START Materials provided

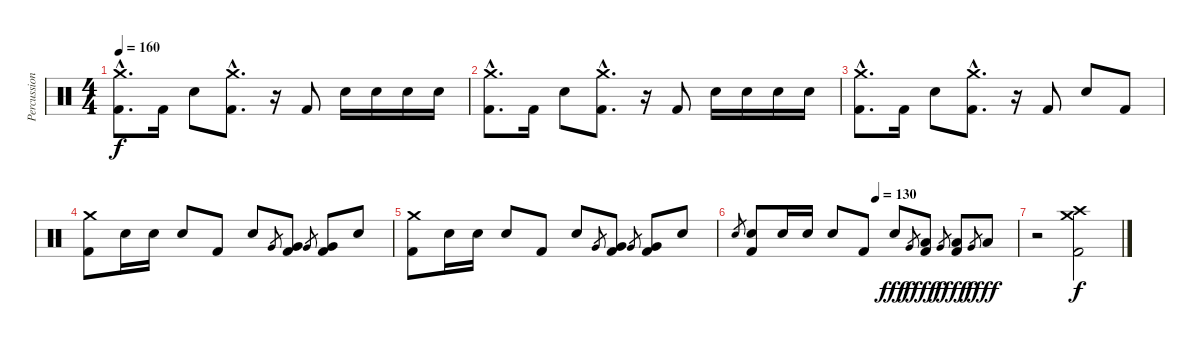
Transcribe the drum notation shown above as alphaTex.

\track ("Percussion" "Percussion") {instrument percussion}
\staff {score}
\articulation defaults
\ts (4 4)
\tempo 160
\clef neutral
\ks c
("Kick (hit) 2"{hac} "Crash medium (hit)"{hac}).8{d dy f} "Kick (hit) 2".16 "Electric Snare (hit)".8 ("Kick (hit) 2"{hac} "Crash medium (hit)"{hac}).8{d} r.16 "Kick (hit) 2".8 "Electric Snare (hit)".16 "Electric Snare (hit)".16 "Electric Snare (hit)".16 "Electric Snare (hit)".16 |
("Kick (hit) 2"{hac} "Crash medium (hit)"{hac}).8{d} "Kick (hit) 2".16 "Electric Snare (hit)".8 ("Kick (hit) 2"{hac} "Crash medium (hit)"{hac}).8{d} r.16 "Kick (hit) 2".8 "Electric Snare (hit)".16 "Electric Snare (hit)".16 "Electric Snare (hit)".16 "Electric Snare (hit)".16 |
("Kick (hit) 2"{hac} "Crash medium (hit)"{hac}).8{d} "Kick (hit) 2".16 "Electric Snare (hit)".8 ("Kick (hit) 2"{hac} "Crash medium (hit)"{hac}).8{d} r.16 "Kick (hit) 2".8 "Electric Snare (hit)".8 "Kick (hit) 2".8 |
("Kick (hit) 2" "Crash medium (hit)").8 "Electric Snare (hit)".16 "Electric Snare (hit)".16 "Electric Snare (hit)".8 "Kick (hit) 2".8 "Electric Snare (hit)".8 "Very Low Tom (hit)".8{gr} ("Kick (hit) 2" "Very Low Tom (hit)").8 "Very Low Tom (hit)".8{gr} ("Kick (hit) 2" "Very Low Tom (hit)").8 "Electric Snare (hit)".8 |
("Kick (hit) 2" "Crash medium (hit)").8 "Electric Snare (hit)".16 "Electric Snare (hit)".16 "Electric Snare (hit)".8 "Kick (hit) 2".8 "Electric Snare (hit)".8 "Very Low Tom (hit)".8{gr} ("Kick (hit) 2" "Very Low Tom (hit)").8 "Very Low Tom (hit)".8{gr} ("Kick (hit) 2" "Very Low Tom (hit)").8 "Electric Snare (hit)".8 |
\tempo (130 0.5)
"Electric Snare (hit)".8{gr} ("Kick (hit) 2" "Electric Snare (hit)").8 "Electric Snare (hit)".16 "Electric Snare (hit)".16 "Electric Snare (hit)".8 "Kick (hit) 2".8 "Electric Snare (hit)".8{dy fff} "Very Low Tom (hit)".8{gr dy f} ("Kick (hit) 2" "Low Tom (hit)").8{dy fff} "Very Low Tom (hit)".8{gr dy f} ("Kick (hit) 2" "Low Tom (hit)").8{dy fff} "Very Low Tom (hit)".8{gr dy f} "Low Tom (hit)".8{dy fff} |
r.2 ("Kick (hit) 2" "Crash medium (hit)" "Crash high (hit)").2{dy f}
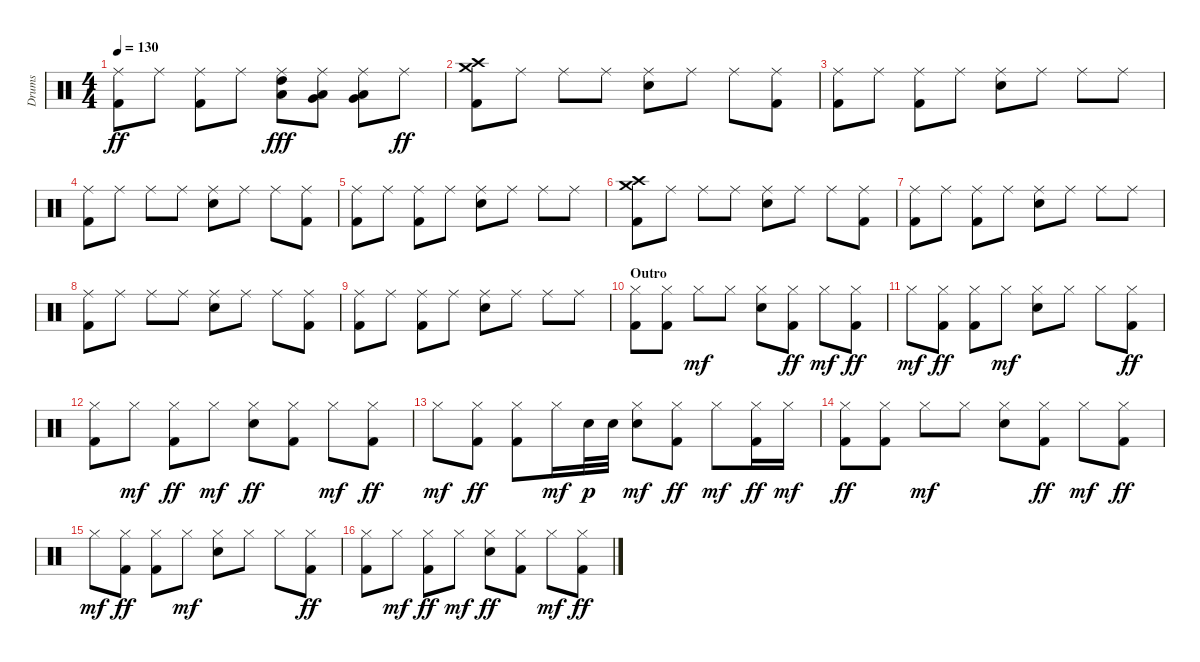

END Materials provided

*Work required*: Exactly what appears in the records above must be returned, apart from the pictures.

*Task output*:
Transcribe the drum notation shown above as alphaTex.

\track ("Percussion" "Percussion") {instrument percussion}
\staff {score}
\articulation defaults
\ts (4 4)
\tempo 160
\clef neutral
\ks c
("Kick (hit) 2"{hac} "Crash medium (hit)"{hac}).8{d dy f} "Kick (hit) 2".16 "Electric Snare (hit)".8 ("Kick (hit) 2"{hac} "Crash medium (hit)"{hac}).8{d} r.16 "Kick (hit) 2".8 "Electric Snare (hit)".16 "Electric Snare (hit)".16 "Electric Snare (hit)".16 "Electric Snare (hit)".16 |
("Kick (hit) 2"{hac} "Crash medium (hit)"{hac}).8{d} "Kick (hit) 2".16 "Electric Snare (hit)".8 ("Kick (hit) 2"{hac} "Crash medium (hit)"{hac}).8{d} r.16 "Kick (hit) 2".8 "Electric Snare (hit)".16 "Electric Snare (hit)".16 "Electric Snare (hit)".16 "Electric Snare (hit)".16 |
("Kick (hit) 2"{hac} "Crash medium (hit)"{hac}).8{d} "Kick (hit) 2".16 "Electric Snare (hit)".8 ("Kick (hit) 2"{hac} "Crash medium (hit)"{hac}).8{d} r.16 "Kick (hit) 2".8 "Electric Snare (hit)".8 "Kick (hit) 2".8 |
("Kick (hit) 2" "Crash medium (hit)").8 "Electric Snare (hit)".16 "Electric Snare (hit)".16 "Electric Snare (hit)".8 "Kick (hit) 2".8 "Electric Snare (hit)".8 "Very Low Tom (hit)".8{gr} ("Kick (hit) 2" "Very Low Tom (hit)").8 "Very Low Tom (hit)".8{gr} ("Kick (hit) 2" "Very Low Tom (hit)").8 "Electric Snare (hit)".8 |
("Kick (hit) 2" "Crash medium (hit)").8 "Electric Snare (hit)".16 "Electric Snare (hit)".16 "Electric Snare (hit)".8 "Kick (hit) 2".8 "Electric Snare (hit)".8 "Very Low Tom (hit)".8{gr} ("Kick (hit) 2" "Very Low Tom (hit)").8 "Very Low Tom (hit)".8{gr} ("Kick (hit) 2" "Very Low Tom (hit)").8 "Electric Snare (hit)".8 |
\tempo (130 0.5)
"Electric Snare (hit)".8{gr} ("Kick (hit) 2" "Electric Snare (hit)").8 "Electric Snare (hit)".16 "Electric Snare (hit)".16 "Electric Snare (hit)".8 "Kick (hit) 2".8 "Electric Snare (hit)".8{dy fff} "Very Low Tom (hit)".8{gr dy f} ("Kick (hit) 2" "Low Tom (hit)").8{dy fff} "Very Low Tom (hit)".8{gr dy f} ("Kick (hit) 2" "Low Tom (hit)").8{dy fff} "Very Low Tom (hit)".8{gr dy f} "Low Tom (hit)".8{dy fff} |
r.2 ("Kick (hit) 2" "Crash medium (hit)" "Crash high (hit)").2{dy f}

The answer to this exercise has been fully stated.